* ABOUT THIS TASK *
For this exercise, report every line of the material that includes "Subject".

* PROVIDED DATA *

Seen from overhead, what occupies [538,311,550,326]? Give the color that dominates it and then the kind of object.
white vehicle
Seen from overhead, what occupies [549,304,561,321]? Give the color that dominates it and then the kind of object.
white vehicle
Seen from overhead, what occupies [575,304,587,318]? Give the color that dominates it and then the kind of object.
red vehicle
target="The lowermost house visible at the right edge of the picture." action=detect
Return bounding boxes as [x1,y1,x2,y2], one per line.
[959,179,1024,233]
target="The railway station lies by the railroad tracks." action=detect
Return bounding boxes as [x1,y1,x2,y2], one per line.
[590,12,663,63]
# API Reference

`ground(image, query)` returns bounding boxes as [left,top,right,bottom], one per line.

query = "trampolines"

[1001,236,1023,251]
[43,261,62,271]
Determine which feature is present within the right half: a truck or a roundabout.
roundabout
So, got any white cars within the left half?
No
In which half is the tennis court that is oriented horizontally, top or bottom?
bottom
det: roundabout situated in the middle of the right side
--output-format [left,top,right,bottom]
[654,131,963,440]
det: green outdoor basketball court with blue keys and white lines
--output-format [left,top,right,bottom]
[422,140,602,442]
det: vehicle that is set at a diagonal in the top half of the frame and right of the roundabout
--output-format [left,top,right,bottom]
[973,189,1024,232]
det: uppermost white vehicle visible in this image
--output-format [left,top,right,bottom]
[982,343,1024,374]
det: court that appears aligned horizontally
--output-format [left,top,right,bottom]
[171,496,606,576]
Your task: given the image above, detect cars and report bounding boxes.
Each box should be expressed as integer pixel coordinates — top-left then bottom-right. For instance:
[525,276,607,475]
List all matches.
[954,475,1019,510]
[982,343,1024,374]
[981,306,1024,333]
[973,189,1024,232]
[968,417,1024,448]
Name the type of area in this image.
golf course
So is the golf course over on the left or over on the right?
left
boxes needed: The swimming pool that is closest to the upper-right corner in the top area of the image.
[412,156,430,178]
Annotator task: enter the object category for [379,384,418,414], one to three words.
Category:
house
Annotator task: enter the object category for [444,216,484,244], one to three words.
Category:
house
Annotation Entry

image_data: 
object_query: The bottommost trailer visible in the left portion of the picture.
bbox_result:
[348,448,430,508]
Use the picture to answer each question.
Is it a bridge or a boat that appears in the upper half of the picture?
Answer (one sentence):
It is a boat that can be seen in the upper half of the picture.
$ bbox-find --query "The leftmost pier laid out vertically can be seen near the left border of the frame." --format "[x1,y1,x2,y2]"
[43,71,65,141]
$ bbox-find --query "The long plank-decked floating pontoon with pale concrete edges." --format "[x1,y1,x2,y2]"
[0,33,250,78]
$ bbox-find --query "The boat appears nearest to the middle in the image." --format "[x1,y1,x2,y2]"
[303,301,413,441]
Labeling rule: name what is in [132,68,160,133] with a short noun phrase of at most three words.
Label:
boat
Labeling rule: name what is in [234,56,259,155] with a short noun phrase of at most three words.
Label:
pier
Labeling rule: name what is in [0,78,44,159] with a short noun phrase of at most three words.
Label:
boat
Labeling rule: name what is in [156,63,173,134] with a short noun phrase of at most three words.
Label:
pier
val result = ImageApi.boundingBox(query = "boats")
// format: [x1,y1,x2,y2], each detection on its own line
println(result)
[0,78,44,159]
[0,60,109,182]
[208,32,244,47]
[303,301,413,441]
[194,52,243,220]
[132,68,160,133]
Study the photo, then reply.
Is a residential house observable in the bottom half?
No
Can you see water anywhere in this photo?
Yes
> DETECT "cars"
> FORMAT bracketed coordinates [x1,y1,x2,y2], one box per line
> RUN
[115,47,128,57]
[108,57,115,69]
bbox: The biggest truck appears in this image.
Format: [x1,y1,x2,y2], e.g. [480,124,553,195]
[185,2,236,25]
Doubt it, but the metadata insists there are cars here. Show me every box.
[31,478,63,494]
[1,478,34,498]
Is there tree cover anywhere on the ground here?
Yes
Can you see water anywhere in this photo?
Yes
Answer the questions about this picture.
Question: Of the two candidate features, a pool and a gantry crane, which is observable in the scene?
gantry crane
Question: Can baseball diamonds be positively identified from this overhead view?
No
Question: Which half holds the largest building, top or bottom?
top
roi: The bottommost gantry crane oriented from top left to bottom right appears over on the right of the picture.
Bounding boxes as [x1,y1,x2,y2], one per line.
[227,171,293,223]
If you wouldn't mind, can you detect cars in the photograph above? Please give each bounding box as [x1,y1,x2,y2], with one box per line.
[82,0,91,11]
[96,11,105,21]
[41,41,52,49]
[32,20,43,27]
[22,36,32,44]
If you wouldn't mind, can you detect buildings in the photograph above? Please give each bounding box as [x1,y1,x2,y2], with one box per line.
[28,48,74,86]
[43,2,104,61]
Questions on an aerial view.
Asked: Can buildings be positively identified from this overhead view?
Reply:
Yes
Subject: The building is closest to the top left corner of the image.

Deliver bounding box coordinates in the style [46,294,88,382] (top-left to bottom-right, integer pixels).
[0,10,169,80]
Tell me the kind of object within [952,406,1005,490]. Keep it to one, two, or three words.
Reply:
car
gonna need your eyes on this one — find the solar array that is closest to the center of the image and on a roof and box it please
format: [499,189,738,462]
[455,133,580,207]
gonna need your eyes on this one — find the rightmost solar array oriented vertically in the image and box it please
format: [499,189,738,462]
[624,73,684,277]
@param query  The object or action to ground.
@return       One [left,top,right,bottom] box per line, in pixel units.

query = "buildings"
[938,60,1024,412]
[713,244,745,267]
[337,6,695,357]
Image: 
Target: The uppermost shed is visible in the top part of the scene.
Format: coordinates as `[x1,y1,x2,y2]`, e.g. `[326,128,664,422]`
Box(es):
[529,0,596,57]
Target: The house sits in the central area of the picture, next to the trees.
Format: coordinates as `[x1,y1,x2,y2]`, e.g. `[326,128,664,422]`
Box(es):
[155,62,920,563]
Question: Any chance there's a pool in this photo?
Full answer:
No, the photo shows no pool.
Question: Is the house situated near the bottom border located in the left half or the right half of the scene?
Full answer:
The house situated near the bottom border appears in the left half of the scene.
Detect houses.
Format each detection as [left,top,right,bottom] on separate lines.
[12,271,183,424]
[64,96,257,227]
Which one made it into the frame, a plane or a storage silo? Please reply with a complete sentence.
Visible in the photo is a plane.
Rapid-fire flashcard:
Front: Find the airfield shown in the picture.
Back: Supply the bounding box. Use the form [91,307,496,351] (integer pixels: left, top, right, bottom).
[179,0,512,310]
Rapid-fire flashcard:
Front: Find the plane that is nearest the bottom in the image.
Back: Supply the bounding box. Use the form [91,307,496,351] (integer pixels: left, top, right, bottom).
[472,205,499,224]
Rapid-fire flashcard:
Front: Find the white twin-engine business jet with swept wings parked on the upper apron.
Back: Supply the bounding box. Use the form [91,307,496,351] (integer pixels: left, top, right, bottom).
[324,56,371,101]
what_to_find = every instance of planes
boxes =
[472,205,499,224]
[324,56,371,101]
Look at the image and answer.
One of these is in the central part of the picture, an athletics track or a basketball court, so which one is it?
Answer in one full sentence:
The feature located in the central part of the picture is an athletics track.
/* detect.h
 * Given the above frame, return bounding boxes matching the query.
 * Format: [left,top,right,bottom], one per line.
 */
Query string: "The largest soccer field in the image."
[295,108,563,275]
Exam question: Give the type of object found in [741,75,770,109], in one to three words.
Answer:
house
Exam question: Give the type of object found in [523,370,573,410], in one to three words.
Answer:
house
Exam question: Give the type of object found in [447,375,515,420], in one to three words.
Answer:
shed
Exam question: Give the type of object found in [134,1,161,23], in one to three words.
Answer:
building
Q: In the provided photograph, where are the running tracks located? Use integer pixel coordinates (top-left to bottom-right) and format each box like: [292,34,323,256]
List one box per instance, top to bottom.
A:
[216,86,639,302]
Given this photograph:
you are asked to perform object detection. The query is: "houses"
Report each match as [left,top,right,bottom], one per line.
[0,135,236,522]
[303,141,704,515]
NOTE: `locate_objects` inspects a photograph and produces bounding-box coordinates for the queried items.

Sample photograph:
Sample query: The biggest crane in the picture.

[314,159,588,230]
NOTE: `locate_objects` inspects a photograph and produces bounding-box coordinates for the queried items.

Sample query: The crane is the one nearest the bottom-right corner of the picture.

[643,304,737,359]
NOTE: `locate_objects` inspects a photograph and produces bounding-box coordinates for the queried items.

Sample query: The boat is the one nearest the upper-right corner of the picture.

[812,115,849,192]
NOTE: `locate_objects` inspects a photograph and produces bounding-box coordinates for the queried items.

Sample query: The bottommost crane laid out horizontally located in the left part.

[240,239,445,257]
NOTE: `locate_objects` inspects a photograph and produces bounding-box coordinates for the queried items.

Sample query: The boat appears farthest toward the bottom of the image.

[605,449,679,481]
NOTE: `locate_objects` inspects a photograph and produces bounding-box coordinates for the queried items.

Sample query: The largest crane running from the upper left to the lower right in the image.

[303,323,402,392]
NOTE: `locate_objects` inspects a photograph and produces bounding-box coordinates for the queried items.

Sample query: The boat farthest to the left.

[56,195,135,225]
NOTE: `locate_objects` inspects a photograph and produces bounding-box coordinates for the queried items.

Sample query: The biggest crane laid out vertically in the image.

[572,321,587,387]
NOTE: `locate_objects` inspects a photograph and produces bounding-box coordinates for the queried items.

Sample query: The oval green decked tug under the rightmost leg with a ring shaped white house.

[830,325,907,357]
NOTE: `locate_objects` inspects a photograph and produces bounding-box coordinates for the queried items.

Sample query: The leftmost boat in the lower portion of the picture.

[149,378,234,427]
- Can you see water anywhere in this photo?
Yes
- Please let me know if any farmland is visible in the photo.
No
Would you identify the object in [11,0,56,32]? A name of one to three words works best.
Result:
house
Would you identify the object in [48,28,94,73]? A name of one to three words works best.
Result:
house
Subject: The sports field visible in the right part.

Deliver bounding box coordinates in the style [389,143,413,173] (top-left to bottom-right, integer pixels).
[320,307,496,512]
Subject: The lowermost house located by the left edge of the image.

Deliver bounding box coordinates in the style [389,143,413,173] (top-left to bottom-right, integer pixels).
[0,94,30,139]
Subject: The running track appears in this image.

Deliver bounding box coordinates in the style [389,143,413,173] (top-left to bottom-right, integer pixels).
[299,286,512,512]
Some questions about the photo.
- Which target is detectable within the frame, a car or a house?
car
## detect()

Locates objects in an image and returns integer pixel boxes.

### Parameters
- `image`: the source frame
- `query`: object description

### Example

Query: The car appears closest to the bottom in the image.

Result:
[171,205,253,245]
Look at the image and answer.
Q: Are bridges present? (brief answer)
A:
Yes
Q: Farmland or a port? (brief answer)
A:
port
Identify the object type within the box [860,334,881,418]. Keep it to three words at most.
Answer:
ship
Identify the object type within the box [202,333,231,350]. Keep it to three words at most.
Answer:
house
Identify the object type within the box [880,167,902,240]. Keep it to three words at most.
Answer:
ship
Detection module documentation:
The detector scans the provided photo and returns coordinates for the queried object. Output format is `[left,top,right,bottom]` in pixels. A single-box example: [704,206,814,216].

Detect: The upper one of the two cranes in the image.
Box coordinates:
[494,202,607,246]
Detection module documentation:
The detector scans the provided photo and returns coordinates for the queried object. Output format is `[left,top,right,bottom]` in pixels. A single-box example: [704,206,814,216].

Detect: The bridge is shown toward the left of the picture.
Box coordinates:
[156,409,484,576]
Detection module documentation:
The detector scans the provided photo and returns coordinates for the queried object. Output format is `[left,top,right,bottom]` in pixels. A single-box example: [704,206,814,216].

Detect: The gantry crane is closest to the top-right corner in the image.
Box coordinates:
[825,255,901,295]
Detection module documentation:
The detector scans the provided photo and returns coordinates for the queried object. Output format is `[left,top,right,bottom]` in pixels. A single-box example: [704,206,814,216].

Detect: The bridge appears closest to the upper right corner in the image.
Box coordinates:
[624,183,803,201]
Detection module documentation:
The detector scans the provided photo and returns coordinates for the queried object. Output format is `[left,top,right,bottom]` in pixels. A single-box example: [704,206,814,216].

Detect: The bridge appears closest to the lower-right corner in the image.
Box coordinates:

* THE COMPLETED TASK *
Subject: The building is closest to the top left corner of the image.
Subject: The sports field visible in the right part.
Subject: The lowermost house located by the left edge of the image.
Subject: The running track appears in this image.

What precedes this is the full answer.